THE PROBLEM: All of the records below are to be printed exactly; the pictures are to be left out.

GIVEN RECORDS:
========================================================================

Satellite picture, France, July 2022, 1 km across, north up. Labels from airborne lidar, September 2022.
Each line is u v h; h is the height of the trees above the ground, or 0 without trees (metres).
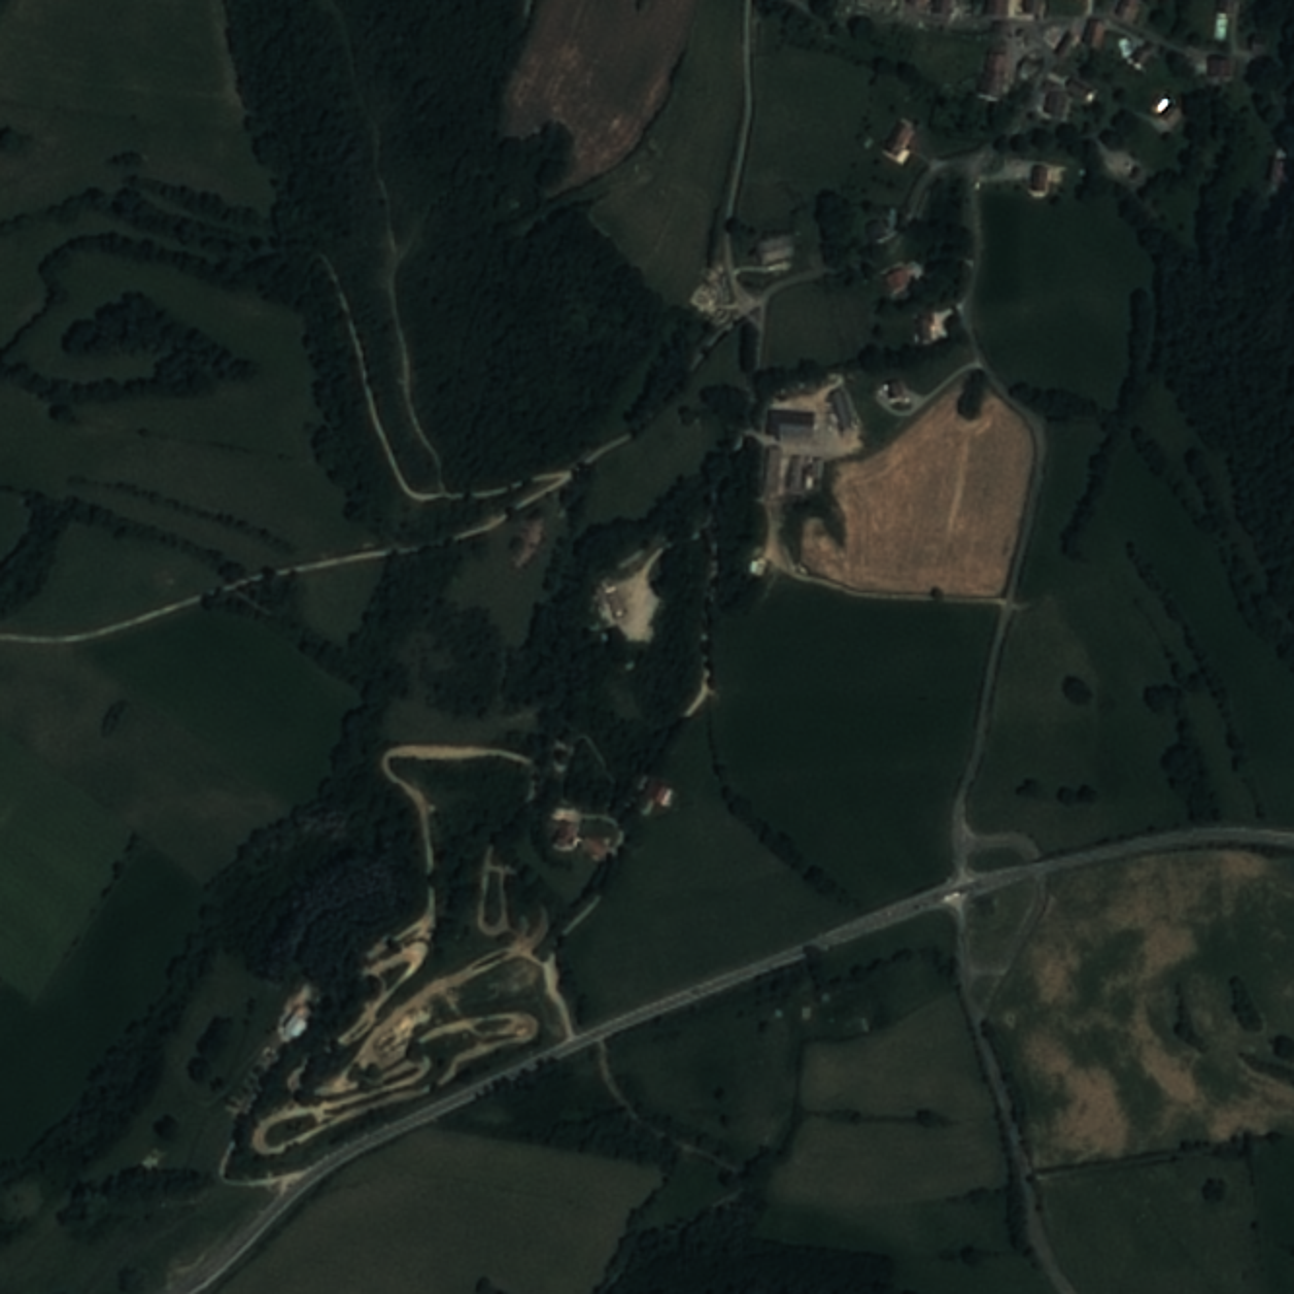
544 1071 14
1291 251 21
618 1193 0
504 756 7
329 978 24
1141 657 0
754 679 0
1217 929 0
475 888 10
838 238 18
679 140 0
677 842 0
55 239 0
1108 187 13
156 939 0
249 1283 0
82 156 0
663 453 0
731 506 17
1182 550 0
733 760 0
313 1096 11
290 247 15
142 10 0
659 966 0
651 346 18
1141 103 0
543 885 16
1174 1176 0
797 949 0
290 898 7
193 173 0
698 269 0
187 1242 0
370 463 6
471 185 6
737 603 16
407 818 16
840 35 11
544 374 6
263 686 0
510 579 0
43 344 0
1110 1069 0
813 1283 13
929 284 18
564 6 0
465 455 6
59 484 0
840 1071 0
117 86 0
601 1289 9
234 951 10
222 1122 0
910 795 0
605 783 14
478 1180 0
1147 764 0
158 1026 8
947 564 0
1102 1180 0
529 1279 0
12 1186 13
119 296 0
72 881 0
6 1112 0
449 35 8
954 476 0
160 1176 14
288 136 14
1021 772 0
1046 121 6
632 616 0
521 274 17
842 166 0
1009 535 0
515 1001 0
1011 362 0
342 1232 0
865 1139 0
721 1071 0
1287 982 0
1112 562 0
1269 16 22
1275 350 20
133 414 0
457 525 11
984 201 0
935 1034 0
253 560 0
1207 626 0
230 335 0
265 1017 0
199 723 0
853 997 0
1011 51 0
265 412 0
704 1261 14
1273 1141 11
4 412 0
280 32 11
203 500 0
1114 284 0
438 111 13
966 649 0
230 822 0
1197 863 0
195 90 0
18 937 0
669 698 7
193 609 0
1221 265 22
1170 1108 0
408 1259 0
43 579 11
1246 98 0
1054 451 0
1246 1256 0
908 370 18
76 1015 0
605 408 17
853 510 0
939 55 0
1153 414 0
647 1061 0
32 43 0
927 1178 0
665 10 0
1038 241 0
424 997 0
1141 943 0
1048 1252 0
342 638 0
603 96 0
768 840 17
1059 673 0
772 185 0
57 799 0
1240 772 12
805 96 0
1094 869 0
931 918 0
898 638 0
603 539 24
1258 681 0
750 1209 19
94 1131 21
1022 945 0
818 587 0
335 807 16
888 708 0
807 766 0
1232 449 16
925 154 0
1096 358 0
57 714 0
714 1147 15

========================================================================

RESPONSE AREA:
Satellite picture, France, July 2022, 1 km across, north up. Labels from airborne lidar, September 2022.
Each line is u v h; h is the height of the trees above the ground, or 0 without trees (metres).
544 1071 14
1291 251 21
618 1193 0
504 756 7
329 978 24
1141 657 0
754 679 0
1217 929 0
475 888 10
838 238 18
679 140 0
677 842 0
55 239 0
1108 187 13
156 939 0
249 1283 0
82 156 0
663 453 0
731 506 17
1182 550 0
733 760 0
313 1096 11
290 247 15
142 10 0
659 966 0
651 346 18
1141 103 0
543 885 16
1174 1176 0
797 949 0
290 898 7
193 173 0
698 269 0
187 1242 0
370 463 6
471 185 6
737 603 16
407 818 16
840 35 11
544 374 6
263 686 0
510 579 0
43 344 0
1110 1069 0
813 1283 13
929 284 18
564 6 0
465 455 6
59 484 0
840 1071 0
117 86 0
601 1289 9
234 951 10
222 1122 0
910 795 0
605 783 14
478 1180 0
1147 764 0
158 1026 8
947 564 0
1102 1180 0
529 1279 0
12 1186 13
119 296 0
72 881 0
6 1112 0
449 35 8
954 476 0
160 1176 14
288 136 14
1021 772 0
1046 121 6
632 616 0
521 274 17
842 166 0
1009 535 0
515 1001 0
1011 362 0
342 1232 0
865 1139 0
721 1071 0
1287 982 0
1112 562 0
1269 16 22
1275 350 20
133 414 0
457 525 11
984 201 0
935 1034 0
253 560 0
1207 626 0
230 335 0
265 1017 0
199 723 0
853 997 0
1011 51 0
265 412 0
704 1261 14
1273 1141 11
4 412 0
280 32 11
203 500 0
1114 284 0
438 111 13
966 649 0
230 822 0
1197 863 0
195 90 0
18 937 0
669 698 7
193 609 0
1221 265 22
1170 1108 0
408 1259 0
43 579 11
1246 98 0
1054 451 0
1246 1256 0
908 370 18
76 1015 0
605 408 17
853 510 0
939 55 0
1153 414 0
647 1061 0
32 43 0
927 1178 0
665 10 0
1038 241 0
424 997 0
1141 943 0
1048 1252 0
342 638 0
603 96 0
768 840 17
1059 673 0
772 185 0
57 799 0
1240 772 12
805 96 0
1094 869 0
931 918 0
898 638 0
603 539 24
1258 681 0
750 1209 19
94 1131 21
1022 945 0
818 587 0
335 807 16
888 708 0
807 766 0
1232 449 16
925 154 0
1096 358 0
57 714 0
714 1147 15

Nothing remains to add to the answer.